++++ Excerpted records ++++
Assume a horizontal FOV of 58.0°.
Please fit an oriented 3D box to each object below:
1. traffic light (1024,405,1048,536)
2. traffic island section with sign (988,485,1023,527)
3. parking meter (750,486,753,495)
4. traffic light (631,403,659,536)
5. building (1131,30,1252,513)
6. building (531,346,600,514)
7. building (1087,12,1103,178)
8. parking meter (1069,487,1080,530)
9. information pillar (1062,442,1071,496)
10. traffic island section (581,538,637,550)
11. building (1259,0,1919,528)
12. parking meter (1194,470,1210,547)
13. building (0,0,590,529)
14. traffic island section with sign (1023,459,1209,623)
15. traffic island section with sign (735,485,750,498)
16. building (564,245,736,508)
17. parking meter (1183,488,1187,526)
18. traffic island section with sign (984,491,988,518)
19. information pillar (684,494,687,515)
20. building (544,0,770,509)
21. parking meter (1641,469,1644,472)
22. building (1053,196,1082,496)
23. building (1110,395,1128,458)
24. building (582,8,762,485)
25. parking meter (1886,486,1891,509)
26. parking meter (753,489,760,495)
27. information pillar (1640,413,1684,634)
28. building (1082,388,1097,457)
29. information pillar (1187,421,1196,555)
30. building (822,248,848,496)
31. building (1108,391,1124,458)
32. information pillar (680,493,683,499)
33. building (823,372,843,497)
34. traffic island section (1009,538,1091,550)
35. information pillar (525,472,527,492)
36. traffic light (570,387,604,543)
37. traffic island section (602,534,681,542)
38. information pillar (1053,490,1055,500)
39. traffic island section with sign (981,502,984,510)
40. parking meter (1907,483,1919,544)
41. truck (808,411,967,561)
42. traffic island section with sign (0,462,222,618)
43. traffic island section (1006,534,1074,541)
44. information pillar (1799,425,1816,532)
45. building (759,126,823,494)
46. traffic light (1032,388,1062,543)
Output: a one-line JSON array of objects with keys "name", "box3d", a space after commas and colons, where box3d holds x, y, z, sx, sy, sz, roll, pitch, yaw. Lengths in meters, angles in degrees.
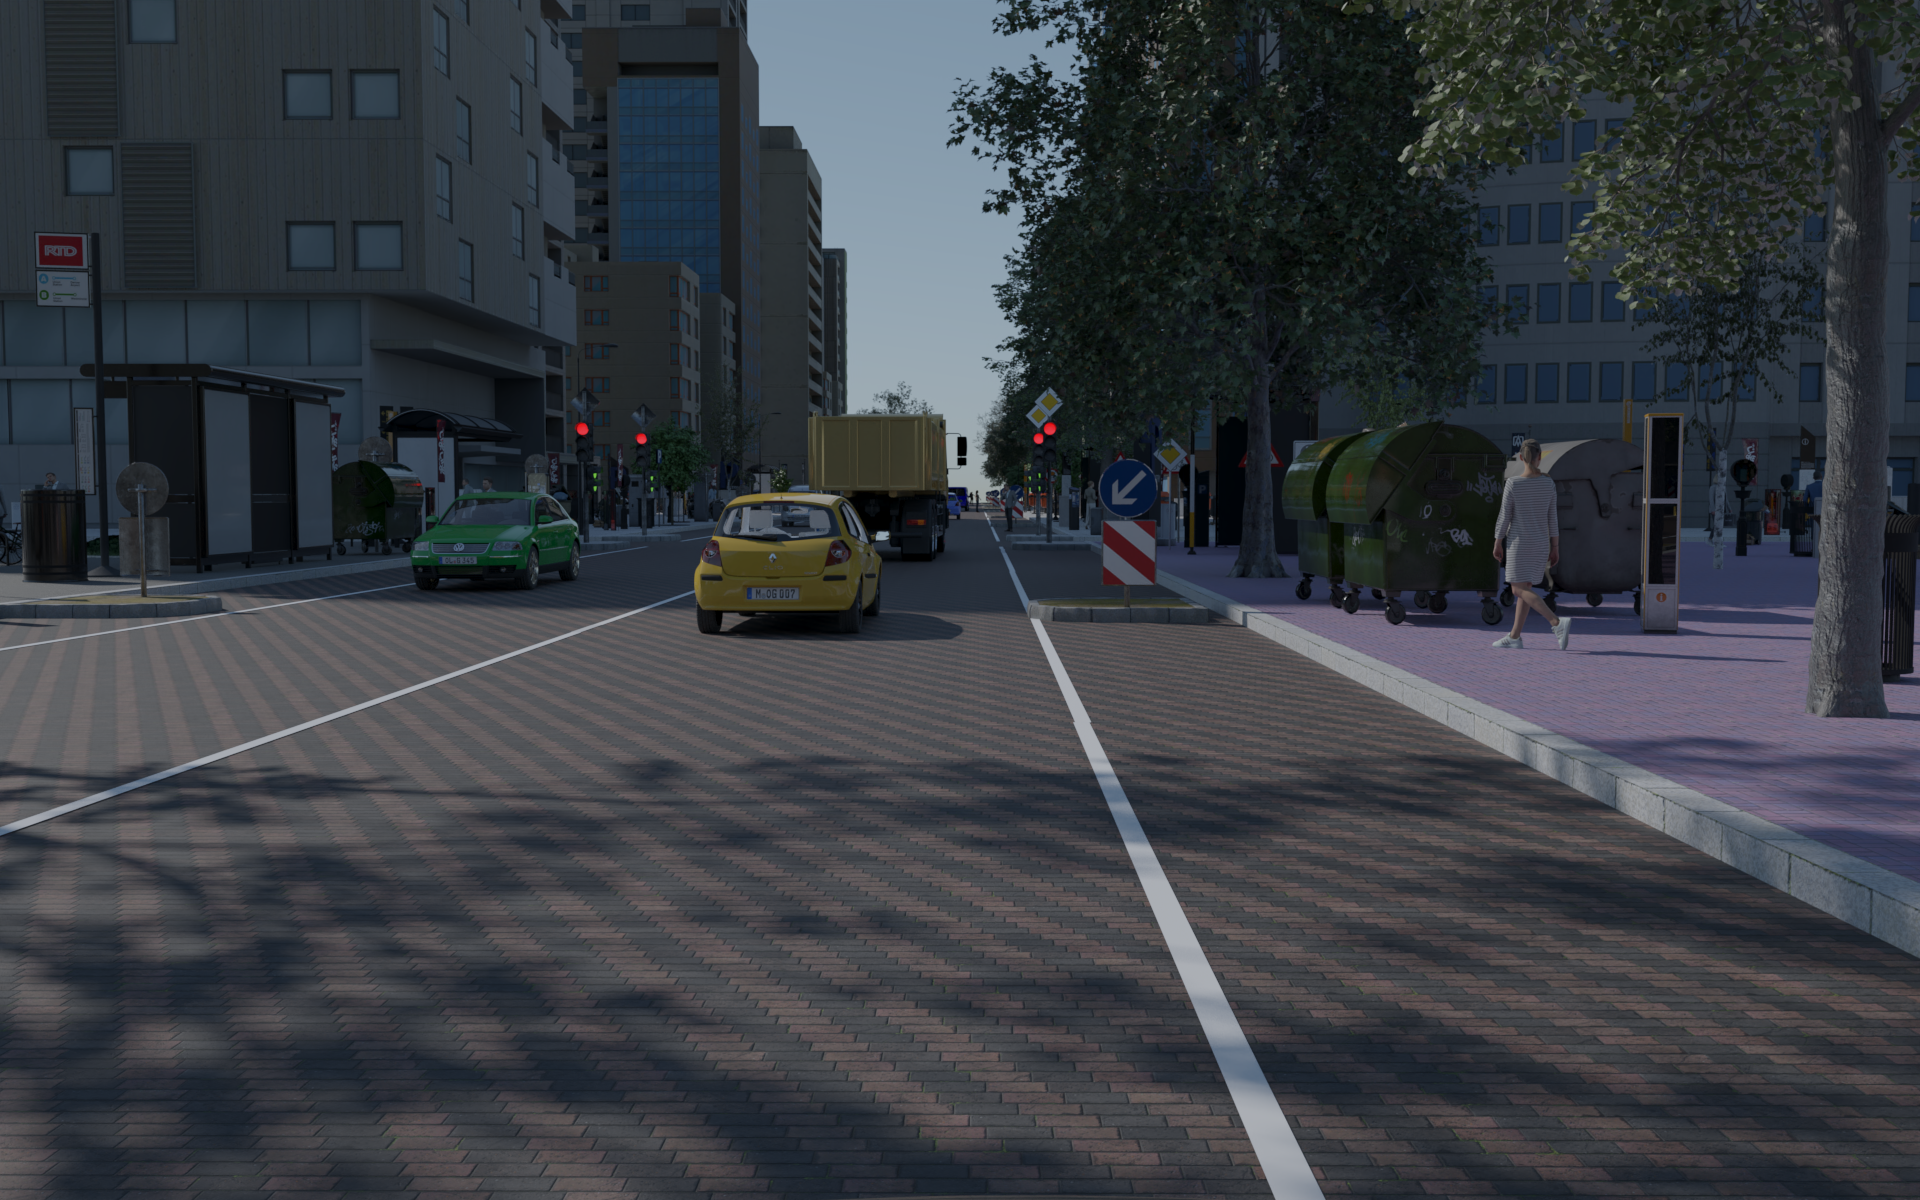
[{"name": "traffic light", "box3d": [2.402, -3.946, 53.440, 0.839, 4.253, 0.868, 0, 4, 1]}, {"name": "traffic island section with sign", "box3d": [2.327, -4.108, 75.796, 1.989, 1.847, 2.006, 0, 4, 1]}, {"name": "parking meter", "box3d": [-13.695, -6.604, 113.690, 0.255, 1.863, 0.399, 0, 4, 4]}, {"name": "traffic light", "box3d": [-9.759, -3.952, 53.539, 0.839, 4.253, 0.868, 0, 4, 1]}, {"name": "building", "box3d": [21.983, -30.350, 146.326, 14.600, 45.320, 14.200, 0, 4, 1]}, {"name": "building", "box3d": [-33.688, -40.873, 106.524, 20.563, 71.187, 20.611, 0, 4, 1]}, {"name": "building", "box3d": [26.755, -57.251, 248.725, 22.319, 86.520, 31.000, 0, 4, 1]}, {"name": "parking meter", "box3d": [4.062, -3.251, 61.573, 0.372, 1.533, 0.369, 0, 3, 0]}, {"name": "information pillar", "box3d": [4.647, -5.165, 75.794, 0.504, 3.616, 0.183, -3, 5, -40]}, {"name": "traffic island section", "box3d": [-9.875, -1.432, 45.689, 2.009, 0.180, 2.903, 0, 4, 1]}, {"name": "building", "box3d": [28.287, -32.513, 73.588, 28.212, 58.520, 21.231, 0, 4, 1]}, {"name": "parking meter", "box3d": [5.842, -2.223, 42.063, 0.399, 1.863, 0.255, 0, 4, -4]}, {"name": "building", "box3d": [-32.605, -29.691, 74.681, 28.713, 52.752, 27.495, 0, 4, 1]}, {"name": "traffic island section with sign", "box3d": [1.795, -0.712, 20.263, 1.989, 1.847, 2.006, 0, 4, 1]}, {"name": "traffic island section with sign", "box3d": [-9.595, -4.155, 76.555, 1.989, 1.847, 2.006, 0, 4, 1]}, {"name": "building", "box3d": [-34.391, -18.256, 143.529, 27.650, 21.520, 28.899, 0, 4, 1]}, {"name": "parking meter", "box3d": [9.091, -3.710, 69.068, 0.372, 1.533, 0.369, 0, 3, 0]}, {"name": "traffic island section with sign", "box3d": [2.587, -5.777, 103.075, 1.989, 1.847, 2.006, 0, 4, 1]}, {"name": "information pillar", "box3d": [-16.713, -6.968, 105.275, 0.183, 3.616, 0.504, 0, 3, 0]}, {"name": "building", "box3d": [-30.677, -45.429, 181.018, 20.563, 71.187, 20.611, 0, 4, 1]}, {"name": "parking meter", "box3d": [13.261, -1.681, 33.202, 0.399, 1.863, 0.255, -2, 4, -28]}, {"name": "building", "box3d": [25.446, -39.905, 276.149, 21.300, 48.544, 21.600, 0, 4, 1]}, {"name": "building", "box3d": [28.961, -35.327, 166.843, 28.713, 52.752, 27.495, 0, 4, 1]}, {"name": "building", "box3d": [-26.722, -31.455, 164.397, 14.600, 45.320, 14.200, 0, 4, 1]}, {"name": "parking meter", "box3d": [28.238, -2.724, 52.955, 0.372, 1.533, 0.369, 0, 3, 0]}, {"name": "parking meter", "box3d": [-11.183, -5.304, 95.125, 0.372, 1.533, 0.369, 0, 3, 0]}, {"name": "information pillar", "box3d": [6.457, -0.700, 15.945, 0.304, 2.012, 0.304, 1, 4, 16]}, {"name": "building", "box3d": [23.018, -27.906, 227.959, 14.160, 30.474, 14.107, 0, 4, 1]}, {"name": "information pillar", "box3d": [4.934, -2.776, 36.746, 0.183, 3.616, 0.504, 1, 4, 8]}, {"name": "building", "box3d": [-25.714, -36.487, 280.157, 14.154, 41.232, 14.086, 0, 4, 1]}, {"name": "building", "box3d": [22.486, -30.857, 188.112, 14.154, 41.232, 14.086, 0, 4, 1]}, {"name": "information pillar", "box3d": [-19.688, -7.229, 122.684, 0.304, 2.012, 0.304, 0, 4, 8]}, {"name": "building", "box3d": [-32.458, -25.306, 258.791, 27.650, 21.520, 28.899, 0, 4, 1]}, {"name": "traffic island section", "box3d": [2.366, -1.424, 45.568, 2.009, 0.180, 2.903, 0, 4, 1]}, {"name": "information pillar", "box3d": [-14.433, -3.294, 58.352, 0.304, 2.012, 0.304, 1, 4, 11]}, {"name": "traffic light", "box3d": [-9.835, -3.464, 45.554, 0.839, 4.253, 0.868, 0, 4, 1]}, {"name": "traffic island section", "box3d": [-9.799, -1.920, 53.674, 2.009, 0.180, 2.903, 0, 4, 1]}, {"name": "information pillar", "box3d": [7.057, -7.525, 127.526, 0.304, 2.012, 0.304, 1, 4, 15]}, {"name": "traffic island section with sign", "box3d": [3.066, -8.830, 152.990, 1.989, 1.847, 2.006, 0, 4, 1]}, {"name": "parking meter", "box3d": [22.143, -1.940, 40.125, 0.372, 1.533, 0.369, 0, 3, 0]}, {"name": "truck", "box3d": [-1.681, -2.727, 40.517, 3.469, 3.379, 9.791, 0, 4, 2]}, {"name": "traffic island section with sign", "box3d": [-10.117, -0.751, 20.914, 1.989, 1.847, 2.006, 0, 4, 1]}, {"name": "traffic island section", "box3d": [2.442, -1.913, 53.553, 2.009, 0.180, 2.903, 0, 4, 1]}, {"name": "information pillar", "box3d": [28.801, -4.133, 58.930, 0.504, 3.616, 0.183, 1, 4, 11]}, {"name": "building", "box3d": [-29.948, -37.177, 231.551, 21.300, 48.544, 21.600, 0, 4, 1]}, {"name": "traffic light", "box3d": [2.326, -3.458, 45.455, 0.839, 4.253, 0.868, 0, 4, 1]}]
++++
++++ Excerpted records ++++
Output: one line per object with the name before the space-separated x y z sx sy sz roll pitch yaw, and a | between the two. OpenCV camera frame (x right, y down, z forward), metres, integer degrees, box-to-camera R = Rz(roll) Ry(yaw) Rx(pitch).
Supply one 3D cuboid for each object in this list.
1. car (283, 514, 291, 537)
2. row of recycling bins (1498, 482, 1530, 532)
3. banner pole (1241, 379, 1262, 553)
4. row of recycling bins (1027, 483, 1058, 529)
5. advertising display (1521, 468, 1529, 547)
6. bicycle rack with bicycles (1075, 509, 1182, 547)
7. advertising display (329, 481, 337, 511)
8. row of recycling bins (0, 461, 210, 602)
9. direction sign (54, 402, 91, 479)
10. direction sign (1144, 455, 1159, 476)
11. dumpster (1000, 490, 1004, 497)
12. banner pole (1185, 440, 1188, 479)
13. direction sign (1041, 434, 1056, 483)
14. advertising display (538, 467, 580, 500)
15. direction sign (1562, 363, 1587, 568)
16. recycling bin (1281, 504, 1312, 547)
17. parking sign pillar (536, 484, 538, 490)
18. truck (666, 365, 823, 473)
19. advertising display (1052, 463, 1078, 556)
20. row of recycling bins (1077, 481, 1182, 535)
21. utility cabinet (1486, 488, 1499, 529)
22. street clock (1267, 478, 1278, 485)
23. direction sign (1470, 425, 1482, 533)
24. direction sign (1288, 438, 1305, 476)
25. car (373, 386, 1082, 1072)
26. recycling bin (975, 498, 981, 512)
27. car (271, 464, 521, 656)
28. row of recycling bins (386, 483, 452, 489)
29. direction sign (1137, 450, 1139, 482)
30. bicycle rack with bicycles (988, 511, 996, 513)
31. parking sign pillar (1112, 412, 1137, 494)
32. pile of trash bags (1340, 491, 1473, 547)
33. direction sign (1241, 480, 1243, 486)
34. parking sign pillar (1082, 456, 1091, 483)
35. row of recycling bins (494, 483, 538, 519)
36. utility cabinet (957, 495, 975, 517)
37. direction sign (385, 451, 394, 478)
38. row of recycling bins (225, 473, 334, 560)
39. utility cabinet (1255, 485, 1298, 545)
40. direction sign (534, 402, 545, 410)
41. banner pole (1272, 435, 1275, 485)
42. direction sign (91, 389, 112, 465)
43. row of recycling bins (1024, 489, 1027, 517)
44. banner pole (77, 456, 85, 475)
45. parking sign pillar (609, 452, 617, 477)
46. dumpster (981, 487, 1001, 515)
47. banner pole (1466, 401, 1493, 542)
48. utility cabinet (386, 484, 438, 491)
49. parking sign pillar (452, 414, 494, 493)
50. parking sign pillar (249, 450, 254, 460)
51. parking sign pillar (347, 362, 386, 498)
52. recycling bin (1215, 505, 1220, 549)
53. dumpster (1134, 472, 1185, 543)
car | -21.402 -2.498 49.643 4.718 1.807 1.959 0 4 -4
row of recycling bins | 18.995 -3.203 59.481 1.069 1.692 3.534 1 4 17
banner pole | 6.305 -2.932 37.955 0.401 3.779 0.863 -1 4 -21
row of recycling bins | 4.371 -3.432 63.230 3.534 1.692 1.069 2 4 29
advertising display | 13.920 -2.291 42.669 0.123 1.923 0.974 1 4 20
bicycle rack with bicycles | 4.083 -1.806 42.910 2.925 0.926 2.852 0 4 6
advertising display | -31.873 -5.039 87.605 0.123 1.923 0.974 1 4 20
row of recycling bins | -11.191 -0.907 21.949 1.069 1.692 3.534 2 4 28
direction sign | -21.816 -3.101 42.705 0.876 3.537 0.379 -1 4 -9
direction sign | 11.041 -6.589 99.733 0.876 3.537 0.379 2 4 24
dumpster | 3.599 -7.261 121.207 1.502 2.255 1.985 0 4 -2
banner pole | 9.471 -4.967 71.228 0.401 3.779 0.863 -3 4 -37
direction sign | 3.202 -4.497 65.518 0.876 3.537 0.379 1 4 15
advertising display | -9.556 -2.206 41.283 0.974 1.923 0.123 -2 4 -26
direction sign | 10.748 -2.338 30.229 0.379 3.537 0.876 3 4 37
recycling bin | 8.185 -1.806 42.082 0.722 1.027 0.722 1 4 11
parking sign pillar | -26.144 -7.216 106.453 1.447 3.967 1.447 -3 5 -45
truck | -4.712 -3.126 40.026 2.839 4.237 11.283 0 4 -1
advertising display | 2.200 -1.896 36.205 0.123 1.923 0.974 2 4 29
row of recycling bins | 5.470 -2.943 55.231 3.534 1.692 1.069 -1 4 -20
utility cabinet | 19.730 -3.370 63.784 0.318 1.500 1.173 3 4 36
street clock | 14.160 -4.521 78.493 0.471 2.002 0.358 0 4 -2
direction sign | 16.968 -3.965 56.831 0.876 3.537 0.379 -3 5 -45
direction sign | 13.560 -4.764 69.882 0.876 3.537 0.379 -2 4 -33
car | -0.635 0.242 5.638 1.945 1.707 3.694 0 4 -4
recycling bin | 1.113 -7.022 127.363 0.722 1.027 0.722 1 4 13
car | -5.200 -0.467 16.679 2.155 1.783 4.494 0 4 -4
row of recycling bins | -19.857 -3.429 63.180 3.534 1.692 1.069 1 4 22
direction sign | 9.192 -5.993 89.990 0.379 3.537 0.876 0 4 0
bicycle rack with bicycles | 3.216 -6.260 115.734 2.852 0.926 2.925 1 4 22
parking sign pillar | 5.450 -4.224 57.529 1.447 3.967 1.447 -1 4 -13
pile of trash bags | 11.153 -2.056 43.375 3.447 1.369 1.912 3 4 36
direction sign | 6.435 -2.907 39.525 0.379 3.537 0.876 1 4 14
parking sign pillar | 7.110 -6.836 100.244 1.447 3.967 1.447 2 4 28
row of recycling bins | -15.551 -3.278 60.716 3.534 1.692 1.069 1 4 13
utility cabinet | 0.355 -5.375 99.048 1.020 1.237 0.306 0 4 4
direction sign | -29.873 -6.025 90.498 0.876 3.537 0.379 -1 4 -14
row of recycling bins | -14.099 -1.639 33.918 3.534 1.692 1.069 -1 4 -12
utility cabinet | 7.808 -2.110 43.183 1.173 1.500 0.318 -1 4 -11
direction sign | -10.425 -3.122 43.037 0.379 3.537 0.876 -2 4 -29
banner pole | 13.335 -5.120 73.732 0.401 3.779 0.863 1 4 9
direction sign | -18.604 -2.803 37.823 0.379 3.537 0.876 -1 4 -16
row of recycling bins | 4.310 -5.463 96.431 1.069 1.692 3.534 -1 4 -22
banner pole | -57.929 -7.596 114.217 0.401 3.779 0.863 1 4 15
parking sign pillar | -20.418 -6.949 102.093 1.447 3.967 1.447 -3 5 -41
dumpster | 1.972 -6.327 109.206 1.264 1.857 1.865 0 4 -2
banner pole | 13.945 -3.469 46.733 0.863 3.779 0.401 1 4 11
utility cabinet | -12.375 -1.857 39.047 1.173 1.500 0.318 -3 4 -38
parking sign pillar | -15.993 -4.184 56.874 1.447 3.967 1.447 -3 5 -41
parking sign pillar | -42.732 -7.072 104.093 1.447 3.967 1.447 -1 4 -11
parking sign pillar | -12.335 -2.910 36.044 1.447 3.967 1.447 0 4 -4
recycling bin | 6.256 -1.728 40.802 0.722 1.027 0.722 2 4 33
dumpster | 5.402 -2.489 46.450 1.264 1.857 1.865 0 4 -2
++++
== Your instructions ==
Return, word for word, the lines of the data above from the line with "18. truck (666, 365, 823, 473)" through the line with "52. recycling bin (1215, 505, 1220, 549)", inclusive.

== Written solution ==
18. truck (666, 365, 823, 473)
19. advertising display (1052, 463, 1078, 556)
20. row of recycling bins (1077, 481, 1182, 535)
21. utility cabinet (1486, 488, 1499, 529)
22. street clock (1267, 478, 1278, 485)
23. direction sign (1470, 425, 1482, 533)
24. direction sign (1288, 438, 1305, 476)
25. car (373, 386, 1082, 1072)
26. recycling bin (975, 498, 981, 512)
27. car (271, 464, 521, 656)
28. row of recycling bins (386, 483, 452, 489)
29. direction sign (1137, 450, 1139, 482)
30. bicycle rack with bicycles (988, 511, 996, 513)
31. parking sign pillar (1112, 412, 1137, 494)
32. pile of trash bags (1340, 491, 1473, 547)
33. direction sign (1241, 480, 1243, 486)
34. parking sign pillar (1082, 456, 1091, 483)
35. row of recycling bins (494, 483, 538, 519)
36. utility cabinet (957, 495, 975, 517)
37. direction sign (385, 451, 394, 478)
38. row of recycling bins (225, 473, 334, 560)
39. utility cabinet (1255, 485, 1298, 545)
40. direction sign (534, 402, 545, 410)
41. banner pole (1272, 435, 1275, 485)
42. direction sign (91, 389, 112, 465)
43. row of recycling bins (1024, 489, 1027, 517)
44. banner pole (77, 456, 85, 475)
45. parking sign pillar (609, 452, 617, 477)
46. dumpster (981, 487, 1001, 515)
47. banner pole (1466, 401, 1493, 542)
48. utility cabinet (386, 484, 438, 491)
49. parking sign pillar (452, 414, 494, 493)
50. parking sign pillar (249, 450, 254, 460)
51. parking sign pillar (347, 362, 386, 498)
52. recycling bin (1215, 505, 1220, 549)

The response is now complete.